Neural message passing for quantum chemistry

Posted on
deep-learning simulation

This post was created as an assignment in Bang Liu’s IFT6289 course in winter 2022. The structure of the post follows the structure of the assignment: summarization followed by my own comments.

To summarize, the authors create a unifying framework for describing message-passing neural networks, which they apply to the problem of predicting the structural properties of chemical compounds in the QM9 dataset.

paper summarization

The authors first demonstrate that many of the recent works applying neural nets to this problem can fit into a message-passing neural network (MPNN) framework. Under the MPNN framework, at each time step \(t\) a message is computed for each vertex by summing the output of a learned function \(M_t\) over the vertex and all edges and vertices connected to it. Then the next state for each vertex is a learned function \(U_t\) of the previous state and the message. Finally, the “readout” function \(R\) is applied to all the vertices to compute the result.

It’s important to note that the readout function \(R\) is expected to be invariant to the order of its inputs, meaning that it will be invariant to geometric isomerism.

The authors acknowledge that the results they’re approximating are themselves approximations, produced using a density functional theory (DFT) simulation, but they feel that “it is hard to believe success on more challenging chemical tasks will be possible if we can’t make accurate statistical predictions for the properties computed in QM9” (section 4).

The authors start from the gated graph neural network (GG-NN) model as a baseline. For GG-NNs, the MPNN functions are the following:

\[R=\sum_{v\in V}\sigma\left(i(h_v^{(T)},h_v^0)\right)\cdot\left(j(h_v^{(T)})\right)\]

Where \(A_{e_{vw}}\) is a learned matrix for edge \(e_{vw}\), and \(i,j\) are neural networks.
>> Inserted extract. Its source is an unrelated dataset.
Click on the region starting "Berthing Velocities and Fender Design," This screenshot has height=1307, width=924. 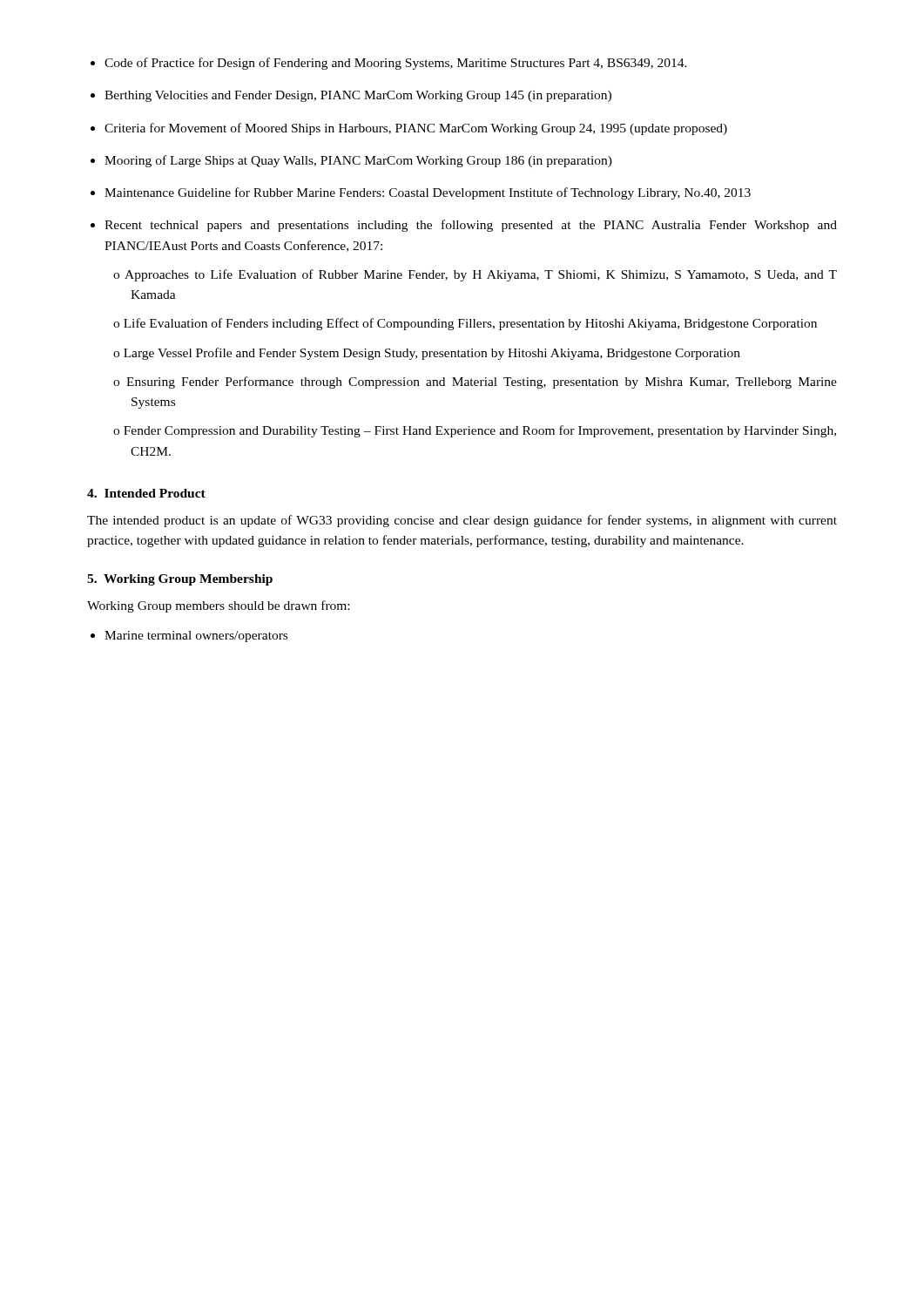358,95
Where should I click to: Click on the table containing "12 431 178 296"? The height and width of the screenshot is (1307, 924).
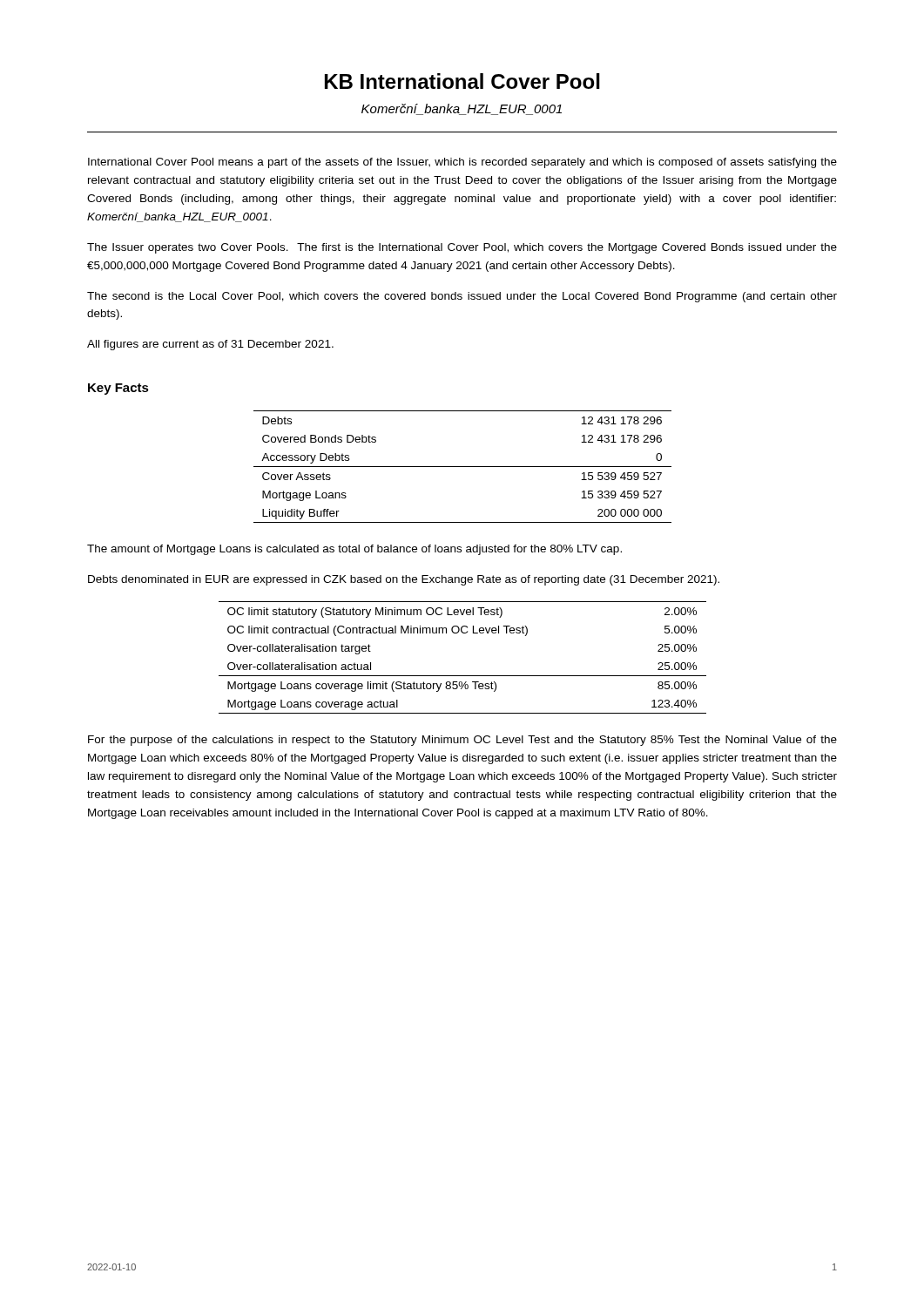pos(462,467)
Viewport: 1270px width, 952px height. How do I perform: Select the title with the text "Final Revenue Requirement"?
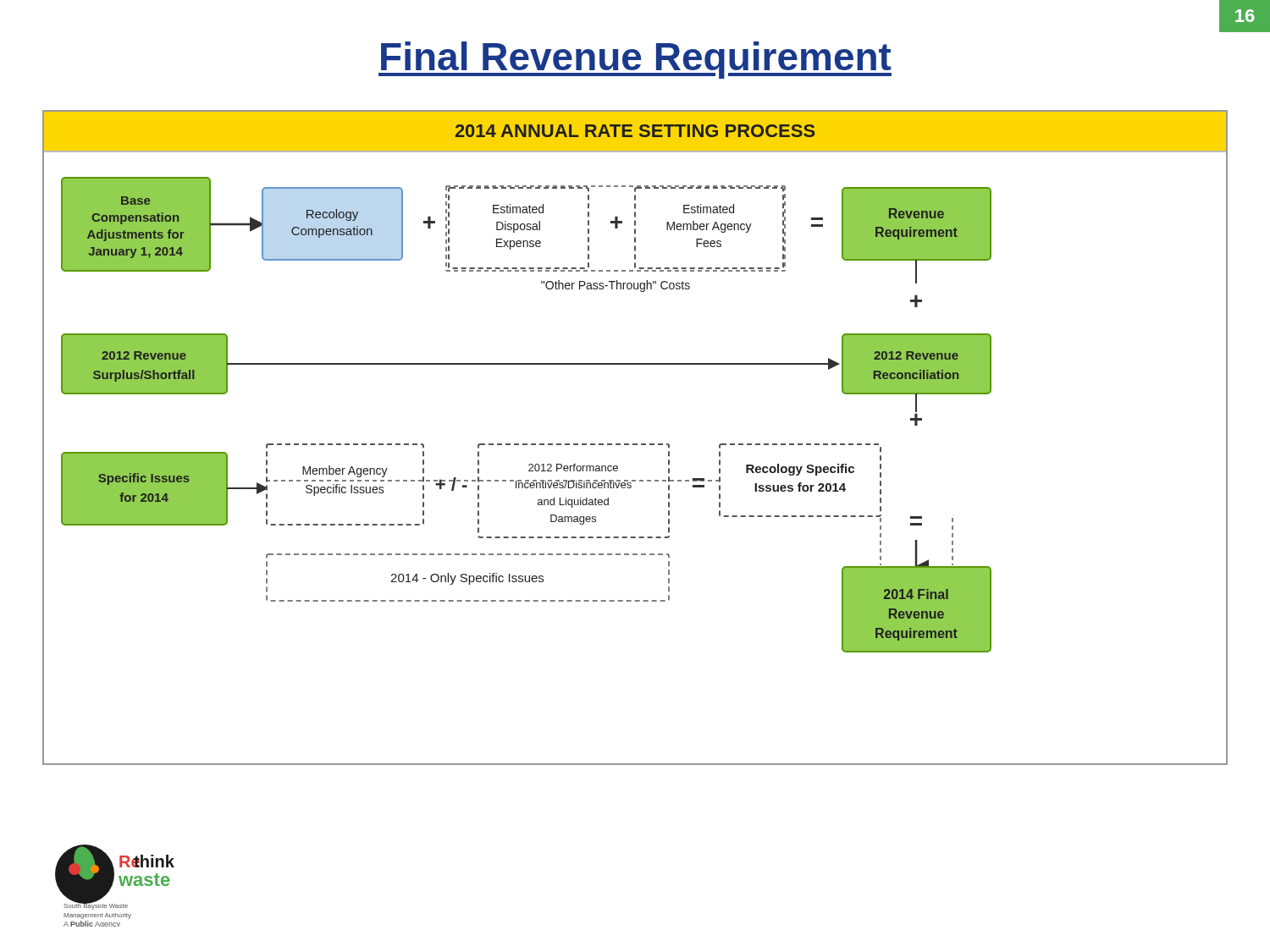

The authors attempt the following modifications to the GG-NN architecture. I’ll mark each one that ended up in the best-performing model:

  • message functions
    • replace \(A_{e_{vw}}\) with \(A(e_{vw})\), a neural network that creates a \(d\times d\) matrix from the edge vector \(e_{vw}\) (best performance)
    • allow the message from node \(w\) to node \(v\) to depend on \(h_v\) in addition to \(h_w\) and \(e_{vw}\)
    • multiple towers: propagate messages on subsets of the hidden states independently and then recombine with a neural mixing function
  • “virtual” graph elements
    • virtual edges between all nodes (best performance)
    • latent master node connected to all nodes
  • readout function
  • input representation
    • represent hydrogen atoms as nodes instead of just including count as a feature of other nodes (best performance)
    • edge inputs:
      • discrete bond types (single, double, triple, aromatic)
      • distance bins (discrete; highly correlated with bond type)
      • raw distance feature in addition to bond type (continuous; when message function allows; best performance)

The resulting model outperformed all previous work by a large margin. The results were much stronger for models trained to predict one of the 13 desired metrics, rather than all 13 at once. On 11 of the 13 tasks, the results were better than chemical accuracy, which is the target error expected by the chemistry research community.


From the second paragraph in section 8:

We also found that training one model per target consistently outperformed jointly training on all 13 targets. In some cases the improvement was up to 40%.

To me this sounds like an information bottleneck due to capacity. I imagine scaling up the model size would solve this problem. They theorized that the “multiple towers” method worked a bit like ensembling; maybe scaling that model large enough would solve the information bottleneck without unreasonable computational complexity.